Description of the task: An exact copy of the lines from the one containing "of litter <box>1088,502,1091,506</box>." through the last line below is required; include both of those lines and no others.

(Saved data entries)
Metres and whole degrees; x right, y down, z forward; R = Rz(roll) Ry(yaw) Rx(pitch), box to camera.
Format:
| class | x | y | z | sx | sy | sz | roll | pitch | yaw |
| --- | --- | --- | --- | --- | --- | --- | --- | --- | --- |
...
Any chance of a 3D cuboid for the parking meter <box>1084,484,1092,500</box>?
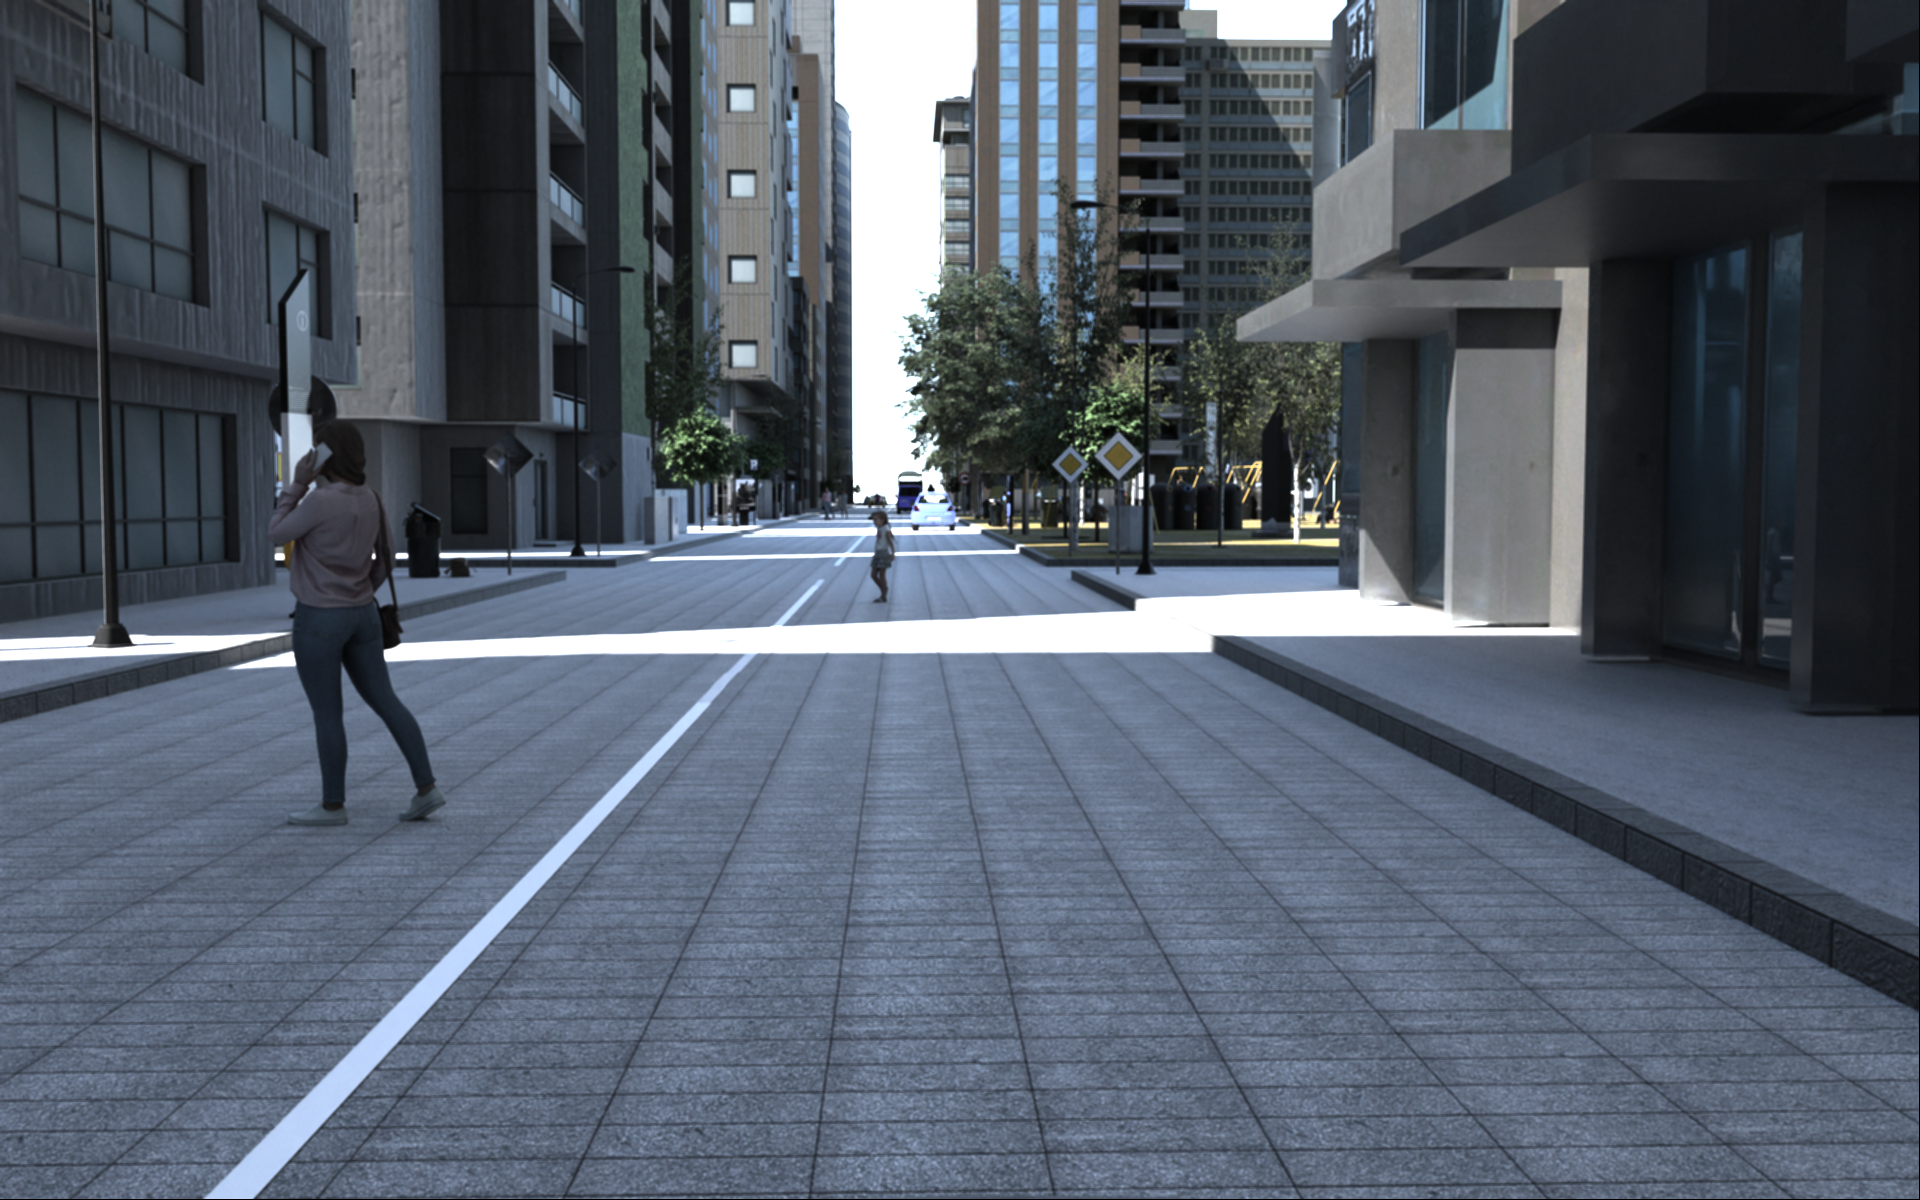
| class | x | y | z | sx | sy | sz | roll | pitch | yaw |
| --- | --- | --- | --- | --- | --- | --- | --- | --- | --- |
| parking meter | 7.184 | -5.580 | 96.942 | 0.399 | 1.863 | 0.255 | -1 | 4 | -8 |

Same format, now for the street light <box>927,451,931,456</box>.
| class | x | y | z | sx | sy | sz | roll | pitch | yaw |
| --- | --- | --- | --- | --- | --- | --- | --- | --- | --- |
| street light | -2.792 | -13.101 | 186.736 | 1.470 | 5.913 | 1.316 | 0 | 4 | -2 |

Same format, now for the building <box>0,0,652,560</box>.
| class | x | y | z | sx | sy | sz | roll | pitch | yaw |
| --- | --- | --- | --- | --- | --- | --- | --- | --- | --- |
| building | -15.666 | -21.895 | 41.580 | 14.154 | 41.232 | 14.086 | 0 | 4 | -2 |

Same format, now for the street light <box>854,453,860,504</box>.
| class | x | y | z | sx | sy | sz | roll | pitch | yaw |
| --- | --- | --- | --- | --- | --- | --- | --- | --- | --- |
| street light | -12.331 | -13.591 | 194.759 | 1.470 | 5.913 | 1.316 | 0 | 4 | -2 |

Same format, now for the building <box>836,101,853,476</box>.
| class | x | y | z | sx | sy | sz | roll | pitch | yaw |
| --- | --- | --- | --- | --- | --- | --- | --- | --- | --- |
| building | -26.546 | -43.468 | 252.701 | 21.231 | 58.520 | 28.212 | 0 | 4 | -2 |

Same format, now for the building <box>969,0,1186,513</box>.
| class | x | y | z | sx | sy | sz | roll | pitch | yaw |
| --- | --- | --- | --- | --- | --- | --- | --- | --- | --- |
| building | 7.820 | -28.957 | 123.559 | 14.600 | 45.320 | 14.200 | 0 | 4 | -2 |

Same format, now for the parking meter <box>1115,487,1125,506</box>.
| class | x | y | z | sx | sy | sz | roll | pitch | yaw |
| --- | --- | --- | --- | --- | --- | --- | --- | --- | --- |
| parking meter | 5.721 | -3.275 | 61.957 | 0.372 | 1.533 | 0.369 | 0 | 3 | 0 |

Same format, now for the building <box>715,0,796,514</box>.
| class | x | y | z | sx | sy | sz | roll | pitch | yaw |
| --- | --- | --- | --- | --- | --- | --- | --- | --- | --- |
| building | -26.000 | -32.633 | 122.793 | 28.713 | 52.752 | 27.495 | 0 | 4 | -2 |

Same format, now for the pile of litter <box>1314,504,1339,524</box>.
| class | x | y | z | sx | sy | sz | roll | pitch | yaw |
| --- | --- | --- | --- | --- | --- | --- | --- | --- | --- |
| pile of litter | 16.151 | -3.730 | 74.951 | 1.719 | 0.858 | 1.176 | 0 | 4 | -1 |

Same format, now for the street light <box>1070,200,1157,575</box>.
| class | x | y | z | sx | sy | sz | roll | pitch | yaw |
| --- | --- | --- | --- | --- | --- | --- | --- | --- | --- |
| street light | 2.438 | -3.366 | 27.569 | 1.470 | 5.913 | 1.316 | 0 | 4 | -2 |

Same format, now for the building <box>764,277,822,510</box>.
| class | x | y | z | sx | sy | sz | roll | pitch | yaw |
| --- | --- | --- | --- | --- | --- | --- | --- | --- | --- |
| building | -26.739 | -18.767 | 151.881 | 27.650 | 21.520 | 28.899 | 0 | 4 | -2 |

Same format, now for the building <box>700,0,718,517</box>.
| class | x | y | z | sx | sy | sz | roll | pitch | yaw |
| --- | --- | --- | --- | --- | --- | --- | --- | --- | --- |
| building | -20.667 | -27.089 | 93.021 | 14.600 | 45.320 | 14.200 | 0 | 4 | -2 |

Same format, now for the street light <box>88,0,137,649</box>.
| class | x | y | z | sx | sy | sz | roll | pitch | yaw |
| --- | --- | --- | --- | --- | --- | --- | --- | --- | --- |
| street light | -6.572 | -2.558 | 14.368 | 1.470 | 5.913 | 1.316 | 0 | 4 | -2 |

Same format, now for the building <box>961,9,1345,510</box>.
| class | x | y | z | sx | sy | sz | roll | pitch | yaw |
| --- | --- | --- | --- | --- | --- | --- | --- | --- | --- |
| building | 16.391 | -27.595 | 143.058 | 32.217 | 40.220 | 23.993 | 0 | 4 | -2 |

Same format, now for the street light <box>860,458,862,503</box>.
| class | x | y | z | sx | sy | sz | roll | pitch | yaw |
| --- | --- | --- | --- | --- | --- | --- | --- | --- | --- |
| street light | -13.323 | -15.478 | 225.598 | 1.470 | 5.913 | 1.316 | 0 | 4 | -2 |

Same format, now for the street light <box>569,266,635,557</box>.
| class | x | y | z | sx | sy | sz | roll | pitch | yaw |
| --- | --- | --- | --- | --- | --- | --- | --- | --- | --- |
| street light | -7.311 | -3.846 | 35.425 | 1.470 | 5.913 | 1.316 | 0 | 4 | -2 |

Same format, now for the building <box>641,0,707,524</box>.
| class | x | y | z | sx | sy | sz | roll | pitch | yaw |
| --- | --- | --- | --- | --- | --- | --- | --- | --- | --- |
| building | -18.385 | -18.332 | 71.423 | 14.160 | 30.474 | 14.107 | 0 | 4 | -2 |

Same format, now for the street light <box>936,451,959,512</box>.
| class | x | y | z | sx | sy | sz | roll | pitch | yaw |
| --- | --- | --- | --- | --- | --- | --- | --- | --- | --- |
| street light | -0.767 | -9.230 | 123.459 | 1.470 | 5.913 | 1.316 | 0 | 4 | -2 |

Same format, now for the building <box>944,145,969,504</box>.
| class | x | y | z | sx | sy | sz | roll | pitch | yaw |
| --- | --- | --- | --- | --- | --- | --- | --- | --- | --- |
| building | 5.047 | -31.942 | 205.843 | 14.154 | 41.232 | 14.086 | 0 | 4 | -2 |

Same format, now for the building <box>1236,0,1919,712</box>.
| class | x | y | z | sx | sy | sz | roll | pitch | yaw |
| --- | --- | --- | --- | --- | --- | --- | --- | --- | --- |
| building | 15.319 | -23.920 | 10.702 | 23.786 | 49.044 | 30.456 | 0 | 4 | -2 |

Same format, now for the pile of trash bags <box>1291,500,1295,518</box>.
| class | x | y | z | sx | sy | sz | roll | pitch | yaw |
| --- | --- | --- | --- | --- | --- | --- | --- | --- | --- |
| pile of trash bags | 16.230 | -5.074 | 92.707 | 3.447 | 1.369 | 1.912 | -2 | 4 | -32 |

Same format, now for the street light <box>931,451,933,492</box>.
| class | x | y | z | sx | sy | sz | roll | pitch | yaw |
| --- | --- | --- | --- | --- | --- | --- | --- | --- | --- |
| street light | -1.640 | -11.142 | 154.717 | 1.470 | 5.913 | 1.316 | 0 | 4 | -2 |

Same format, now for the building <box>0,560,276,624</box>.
| class | x | y | z | sx | sy | sz | roll | pitch | yaw |
| --- | --- | --- | --- | --- | --- | --- | --- | --- | --- |
| building | -15.573 | -20.572 | 19.952 | 14.086 | 41.232 | 14.154 | 0 | 4 | -2 |

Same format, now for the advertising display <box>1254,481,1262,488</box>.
| class | x | y | z | sx | sy | sz | roll | pitch | yaw |
| --- | --- | --- | --- | --- | --- | --- | --- | --- | --- |
| advertising display | 15.465 | -5.087 | 88.378 | 0.974 | 1.923 | 0.123 | -1 | 4 | -8 |

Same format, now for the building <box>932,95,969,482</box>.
| class | x | y | z | sx | sy | sz | roll | pitch | yaw |
| --- | --- | --- | --- | --- | --- | --- | --- | --- | --- |
| building | 10.938 | -39.015 | 227.129 | 28.713 | 52.752 | 27.495 | 0 | 4 | -2 |

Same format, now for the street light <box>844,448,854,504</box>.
| class | x | y | z | sx | sy | sz | roll | pitch | yaw |
| --- | --- | --- | --- | --- | --- | --- | --- | --- | --- |
| street light | -11.683 | -12.302 | 173.673 | 1.470 | 5.913 | 1.316 | 0 | 4 | -2 |

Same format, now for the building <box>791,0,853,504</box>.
| class | x | y | z | sx | sy | sz | roll | pitch | yaw |
| --- | --- | --- | --- | --- | --- | --- | --- | --- | --- |
| building | -24.448 | -48.303 | 228.003 | 20.563 | 71.187 | 20.611 | 0 | 4 | -2 |

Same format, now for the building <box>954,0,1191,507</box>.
| class | x | y | z | sx | sy | sz | roll | pitch | yaw |
| --- | --- | --- | --- | --- | --- | --- | --- | --- | --- |
| building | 10.978 | -52.371 | 168.931 | 22.319 | 86.520 | 31.000 | 0 | 4 | -2 |

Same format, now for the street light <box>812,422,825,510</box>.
| class | x | y | z | sx | sy | sz | roll | pitch | yaw |
| --- | --- | --- | --- | --- | --- | --- | --- | --- | --- |
| street light | -9.655 | -8.529 | 111.995 | 1.470 | 5.913 | 1.316 | 0 | 4 | -2 |

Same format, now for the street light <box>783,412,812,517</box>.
| class | x | y | z | sx | sy | sz | roll | pitch | yaw |
| --- | --- | --- | --- | --- | --- | --- | --- | --- | --- |
| street light | -9.318 | -7.679 | 98.086 | 1.470 | 5.913 | 1.316 | 0 | 4 | -2 |

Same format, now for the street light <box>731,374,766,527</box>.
| class | x | y | z | sx | sy | sz | roll | pitch | yaw |
| --- | --- | --- | --- | --- | --- | --- | --- | --- | --- |
| street light | -8.189 | -5.777 | 67.001 | 1.470 | 5.913 | 1.316 | 0 | 4 | -2 |

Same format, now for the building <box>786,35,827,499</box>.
| class | x | y | z | sx | sy | sz | roll | pitch | yaw |
| --- | --- | --- | --- | --- | --- | --- | --- | --- | --- |
| building | -20.701 | -32.020 | 173.635 | 14.600 | 45.320 | 14.200 | 0 | 4 | -2 |

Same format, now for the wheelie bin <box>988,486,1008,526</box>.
| class | x | y | z | sx | sy | sz | roll | pitch | yaw |
| --- | --- | --- | --- | --- | --- | --- | --- | --- | --- |
| wheelie bin | 1.530 | -3.747 | 69.175 | 0.980 | 1.594 | 0.693 | 3 | 4 | 36 |

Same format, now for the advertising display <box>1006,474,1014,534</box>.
| class | x | y | z | sx | sy | sz | roll | pitch | yaw |
| --- | --- | --- | --- | --- | --- | --- | --- | --- | --- |
| advertising display | 1.616 | -3.102 | 55.932 | 0.123 | 1.923 | 0.974 | 0 | 4 | -5 |

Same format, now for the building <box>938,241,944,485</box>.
| class | x | y | z | sx | sy | sz | roll | pitch | yaw |
| --- | --- | --- | --- | --- | --- | --- | --- | --- | --- |
| building | 7.921 | -36.746 | 255.419 | 22.147 | 44.769 | 28.867 | 0 | 4 | -2 |

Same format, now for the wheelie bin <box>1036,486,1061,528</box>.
| class | x | y | z | sx | sy | sz | roll | pitch | yaw |
| --- | --- | --- | --- | --- | --- | --- | --- | --- | --- |
| wheelie bin | 3.359 | -3.553 | 65.999 | 0.980 | 1.594 | 0.693 | 0 | 4 | -4 |

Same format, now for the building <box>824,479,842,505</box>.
| class | x | y | z | sx | sy | sz | roll | pitch | yaw |
| --- | --- | --- | --- | --- | --- | --- | --- | --- | --- |
| building | -30.466 | -31.443 | 205.968 | 32.217 | 40.220 | 23.993 | 0 | 4 | -2 |

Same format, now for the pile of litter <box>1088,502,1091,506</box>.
| class | x | y | z | sx | sy | sz | roll | pitch | yaw |
| --- | --- | --- | --- | --- | --- | --- | --- | --- | --- |
| pile of litter | 6.693 | -4.934 | 94.640 | 1.176 | 0.858 | 1.719 | 0 | 4 | 0 |

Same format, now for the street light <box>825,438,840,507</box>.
| class | x | y | z | sx | sy | sz | roll | pitch | yaw |
| --- | --- | --- | --- | --- | --- | --- | --- | --- | --- |
| street light | -10.760 | -10.415 | 142.831 | 1.470 | 5.913 | 1.316 | 0 | 4 | -2 |

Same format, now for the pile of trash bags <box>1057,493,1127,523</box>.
| class | x | y | z | sx | sy | sz | roll | pitch | yaw |
| --- | --- | --- | --- | --- | --- | --- | --- | --- | --- |
| pile of trash bags | 6.067 | -4.203 | 78.472 | 3.447 | 1.369 | 1.912 | -2 | 4 | -26 |

Response:
Same format, now for the pile of litter <box>1088,502,1091,506</box>.
| class | x | y | z | sx | sy | sz | roll | pitch | yaw |
| --- | --- | --- | --- | --- | --- | --- | --- | --- | --- |
| pile of litter | 6.693 | -4.934 | 94.640 | 1.176 | 0.858 | 1.719 | 0 | 4 | 0 |

Same format, now for the street light <box>825,438,840,507</box>.
| class | x | y | z | sx | sy | sz | roll | pitch | yaw |
| --- | --- | --- | --- | --- | --- | --- | --- | --- | --- |
| street light | -10.760 | -10.415 | 142.831 | 1.470 | 5.913 | 1.316 | 0 | 4 | -2 |

Same format, now for the pile of trash bags <box>1057,493,1127,523</box>.
| class | x | y | z | sx | sy | sz | roll | pitch | yaw |
| --- | --- | --- | --- | --- | --- | --- | --- | --- | --- |
| pile of trash bags | 6.067 | -4.203 | 78.472 | 3.447 | 1.369 | 1.912 | -2 | 4 | -26 |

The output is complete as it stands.